On Sunday afternoon after leaving the hospital, Jean and her neighbor, Sherry Allen, had dropped by the Washington Road house to check on Nona Allanson. They found Pat there, feeding the old lady lunch and fussing over her. Pat asked Jean how Paw was, and Jean said he was still unconscious but unless he got pneumonia or another heart attack or something, he was going to pull through.
Pat shook her head, disagreeing. “It doesn’t look like he’ll make it.”
“Well, we really don’t know yet,” Jean answered slowly.
Pat had fixed her green eyes on Jean and told her that Jean had no idea in the whole wide world what a dirty old man Paw really was. “You don’t know that old man,” she said. “He’s done things you wouldn’t believe. He’s not good and kind like you think.”

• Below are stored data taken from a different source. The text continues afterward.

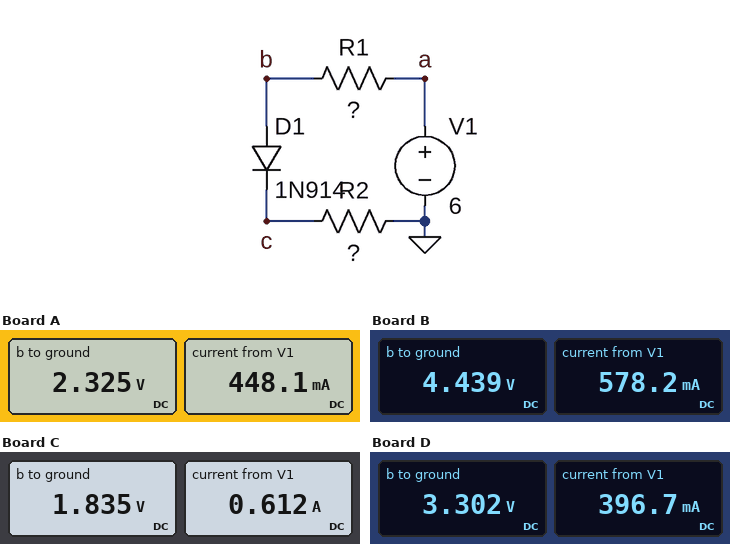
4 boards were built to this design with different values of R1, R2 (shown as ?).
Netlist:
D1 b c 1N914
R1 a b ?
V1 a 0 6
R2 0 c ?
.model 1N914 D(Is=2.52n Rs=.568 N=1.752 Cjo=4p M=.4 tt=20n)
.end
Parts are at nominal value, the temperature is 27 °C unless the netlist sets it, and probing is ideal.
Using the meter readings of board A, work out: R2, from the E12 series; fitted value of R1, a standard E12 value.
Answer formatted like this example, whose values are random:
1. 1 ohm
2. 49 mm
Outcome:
1. 2.7 Ω
2. 8.2 Ω
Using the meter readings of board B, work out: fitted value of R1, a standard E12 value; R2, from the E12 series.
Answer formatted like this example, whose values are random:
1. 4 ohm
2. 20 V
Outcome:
1. 2.7 Ω
2. 5.6 Ω
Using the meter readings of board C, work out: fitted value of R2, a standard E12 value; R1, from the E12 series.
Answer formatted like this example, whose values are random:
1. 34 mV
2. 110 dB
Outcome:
1. 1 Ω
2. 6.8 Ω
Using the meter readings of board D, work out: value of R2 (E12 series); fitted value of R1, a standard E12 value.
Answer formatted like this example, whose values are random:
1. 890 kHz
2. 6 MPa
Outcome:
1. 5.6 Ω
2. 6.8 Ω
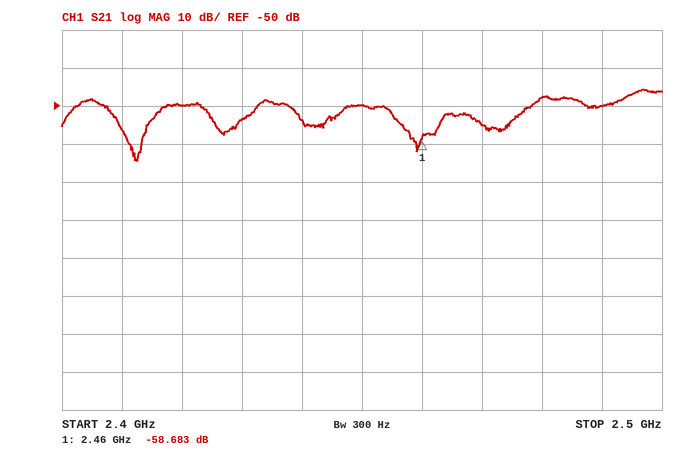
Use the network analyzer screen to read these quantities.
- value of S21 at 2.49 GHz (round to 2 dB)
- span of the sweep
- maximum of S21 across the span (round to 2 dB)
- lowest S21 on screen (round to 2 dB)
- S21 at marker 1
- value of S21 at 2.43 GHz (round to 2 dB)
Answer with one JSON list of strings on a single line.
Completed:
["-50 dB", "100 MHz", "-46 dB", "-64 dB", "-58.683 dB", "-54 dB"]
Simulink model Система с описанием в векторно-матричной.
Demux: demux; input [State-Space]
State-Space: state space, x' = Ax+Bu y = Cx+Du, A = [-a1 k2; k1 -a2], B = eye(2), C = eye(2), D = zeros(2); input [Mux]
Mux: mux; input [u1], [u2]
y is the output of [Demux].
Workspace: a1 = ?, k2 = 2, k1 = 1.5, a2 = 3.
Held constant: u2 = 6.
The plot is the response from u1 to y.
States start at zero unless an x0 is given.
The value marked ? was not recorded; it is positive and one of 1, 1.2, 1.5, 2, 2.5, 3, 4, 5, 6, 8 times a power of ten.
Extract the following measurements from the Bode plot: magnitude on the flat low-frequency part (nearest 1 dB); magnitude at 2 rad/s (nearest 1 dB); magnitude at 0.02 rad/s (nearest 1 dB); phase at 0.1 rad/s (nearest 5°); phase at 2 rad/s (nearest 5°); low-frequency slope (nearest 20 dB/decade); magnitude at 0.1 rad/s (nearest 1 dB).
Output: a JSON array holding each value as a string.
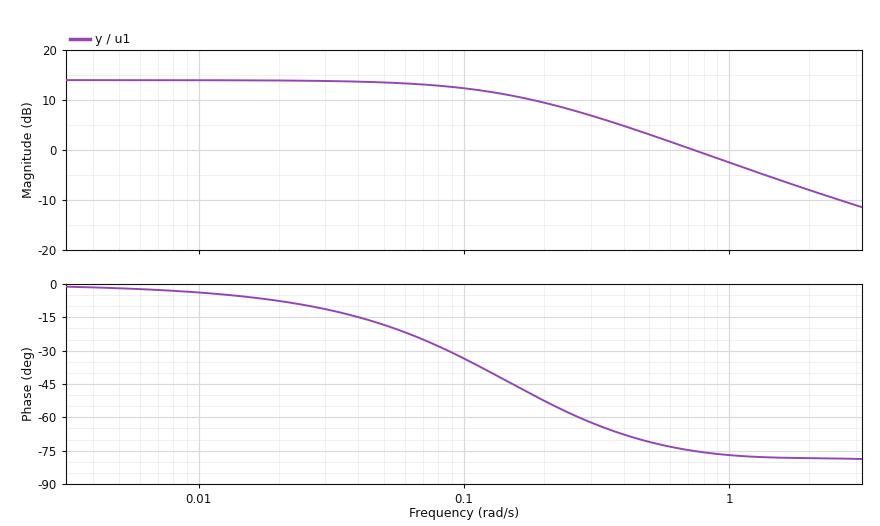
["14 dB", "-8 dB", "14 dB", "-35°", "-80°", "0 dB/decade", "12 dB"]
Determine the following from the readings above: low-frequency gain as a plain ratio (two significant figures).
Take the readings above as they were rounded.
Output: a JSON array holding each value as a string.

["5.0"]
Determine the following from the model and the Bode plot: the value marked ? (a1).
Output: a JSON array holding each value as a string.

Jean started to shake her head in warning as she glanced at her mother, but Nona just sat there and let Pat rave on about her husband. Although she couldn’t speak, Nona was sharp enough. It seemed to Jean that her mother had heard accusations like this before. Nona made no move to correct Pat; she apparently believed what Pat was saying.
Jean could not understand Pat’s vitriolic attack on her father; he had always been so good to her. Why was she savaging him with her words while he might be dying?
Pat complained about having to get up with him the night before he had taken sick. “It was two-thirty in the morning and he wanted some ginger ale. I took it to him, and damn him, he wouldn’t drink it! He decided he wanted half-and-half and I took him that.”
Pat suddenly changed the direction of her conversation. “I talked with him about death—you know, about funeral arrangements and all. He said he wanted to be put away in a casket with pink satin to lie on. I’ve got his clothes all picked out. Your boy will be one of the pallbearers.”
None of that sounded a bit like Paw, Jean thought. Pink satin indeed.
As Jean and Sherry walked down the front steps, Pat suddenly appeared on the porch. She leaned across the railing and said flatly, “I hope he dies.”
“What did you say?” Jean breathed softly.
“I said I hope he dies.”
Jean walked to her car, stunned.
***
On Tuesday, Paw Allanson's blood pressure dropped so low it barely registered, but medication slowly boosted it back up. He was a very old man, but he was made of tough Georgia stock. He remained in a deep coma for a week, caught somewhere between living and dying.
Jean was sitting by his bedside as he slowly regained consciousness on Saturday. “Do you recognize me?” she asked, truly believing that he would not.
“Sure,” he grumbled.
“Who am I?”
“Jean,” he said, as if she had taken leave of her senses. Of course he recognized her.
“How do you feel, Daddy?”
He looked at her. “I think I’ll be all right when I get over this stroke.”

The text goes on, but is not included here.